Raising the cap to $15,000 for singles and $30,000 for couples could cost $530 billion over 10 years, according to estimates from the Committee for a Responsible Federal Budget. A workaround has allowed certain business owners in more than 30 states — including California, New York, New Jersey and Connecticut — to fully deduct SALT, saving billions while other taxpayers remain subject to the cap.
Trump and some Republicans say it would help working-class Americans by ending taxes on things like tips and overtime pay, but critics argue the plan mostly benefits the wealthy.
Democrats have slammed the bill as a giveaway to billionaires. They pointed to estimates showing that proposed cuts to Medicaid and Affordable Care Act subsidies could cause 8.6 million people to lose health insurance coverage.
To help offset the lost revenue, the plan includes new limits on Medicaid, which serves 71 million low-income Americans, and other spending cuts totaling $912 billion over the next 10 years.
The bill is a point of contention in Congress. Fiscal conservatives argue that the bill doesn’t go far enough in reducing Medicaid spending, while Republicans from competitive swing districts are concerned about threatening their constituents’ access to health care and food assistance.
Five of the 21 Republicans on the House Budget Committee opposed the measure. They vowed to withhold support unless Speaker Mike Johnson (R-La.) backs deeper Medicaid cuts and a full repeal of Democratic green energy tax credits.
The move is a setback for Johnson and Trump. The speaker, who spent the past few days trying to revive the more than 1,000-page bill, met with hard-line representatives in an effort to “keep this thing moving forward.”

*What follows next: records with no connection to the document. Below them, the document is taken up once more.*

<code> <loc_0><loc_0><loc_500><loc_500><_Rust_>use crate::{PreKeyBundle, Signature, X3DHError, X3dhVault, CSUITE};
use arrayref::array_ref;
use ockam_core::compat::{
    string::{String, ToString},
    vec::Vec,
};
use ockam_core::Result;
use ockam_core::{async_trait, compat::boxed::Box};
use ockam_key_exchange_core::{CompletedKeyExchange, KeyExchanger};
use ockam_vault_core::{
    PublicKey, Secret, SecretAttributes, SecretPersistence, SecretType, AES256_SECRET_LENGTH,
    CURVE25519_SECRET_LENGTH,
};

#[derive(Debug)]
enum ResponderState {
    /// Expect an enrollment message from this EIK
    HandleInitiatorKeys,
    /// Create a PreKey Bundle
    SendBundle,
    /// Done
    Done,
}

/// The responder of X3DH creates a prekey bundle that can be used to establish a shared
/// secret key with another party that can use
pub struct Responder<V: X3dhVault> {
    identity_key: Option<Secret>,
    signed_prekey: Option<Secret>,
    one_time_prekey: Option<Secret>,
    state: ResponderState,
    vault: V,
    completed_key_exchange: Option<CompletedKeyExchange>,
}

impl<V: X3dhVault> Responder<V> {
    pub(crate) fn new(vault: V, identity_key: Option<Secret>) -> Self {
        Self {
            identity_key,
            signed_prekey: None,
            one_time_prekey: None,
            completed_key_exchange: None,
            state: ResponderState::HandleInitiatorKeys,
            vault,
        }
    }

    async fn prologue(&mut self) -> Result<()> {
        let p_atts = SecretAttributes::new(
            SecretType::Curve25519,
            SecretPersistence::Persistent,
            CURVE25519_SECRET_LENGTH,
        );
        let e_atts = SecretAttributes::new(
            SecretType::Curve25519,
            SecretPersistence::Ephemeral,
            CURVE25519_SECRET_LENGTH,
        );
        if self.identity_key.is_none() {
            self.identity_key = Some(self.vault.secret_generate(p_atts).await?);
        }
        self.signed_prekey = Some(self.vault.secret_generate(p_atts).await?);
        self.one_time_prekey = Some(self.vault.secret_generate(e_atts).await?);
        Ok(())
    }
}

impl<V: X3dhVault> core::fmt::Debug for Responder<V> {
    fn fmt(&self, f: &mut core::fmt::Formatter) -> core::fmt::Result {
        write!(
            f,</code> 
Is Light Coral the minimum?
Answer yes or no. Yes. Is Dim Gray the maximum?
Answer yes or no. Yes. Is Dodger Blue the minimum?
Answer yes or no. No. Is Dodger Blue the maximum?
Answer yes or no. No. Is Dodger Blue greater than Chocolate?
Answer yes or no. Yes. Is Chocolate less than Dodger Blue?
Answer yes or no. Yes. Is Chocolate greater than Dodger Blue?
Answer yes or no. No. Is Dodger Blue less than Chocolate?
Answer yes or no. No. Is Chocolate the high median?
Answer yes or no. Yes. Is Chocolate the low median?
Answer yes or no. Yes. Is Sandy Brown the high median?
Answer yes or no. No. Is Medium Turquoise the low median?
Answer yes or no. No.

But the defeat may not be the end of the bill. Instead, it signals that Republicans will need to regroup and revise it to address conservative demands for stricter Medicaid work requirements, scaled-back renewable energy tax credits enacted under former President Joe Biden, and the implementation of deeper spending cuts.
Earlier this week, Johnson held a video call with members of the House Ways and Means Committee and the SALT Caucus — a group that includes blue-state Republicans advocating for a higher SALT cap. The call concluded without a final agreement, according to NBC News.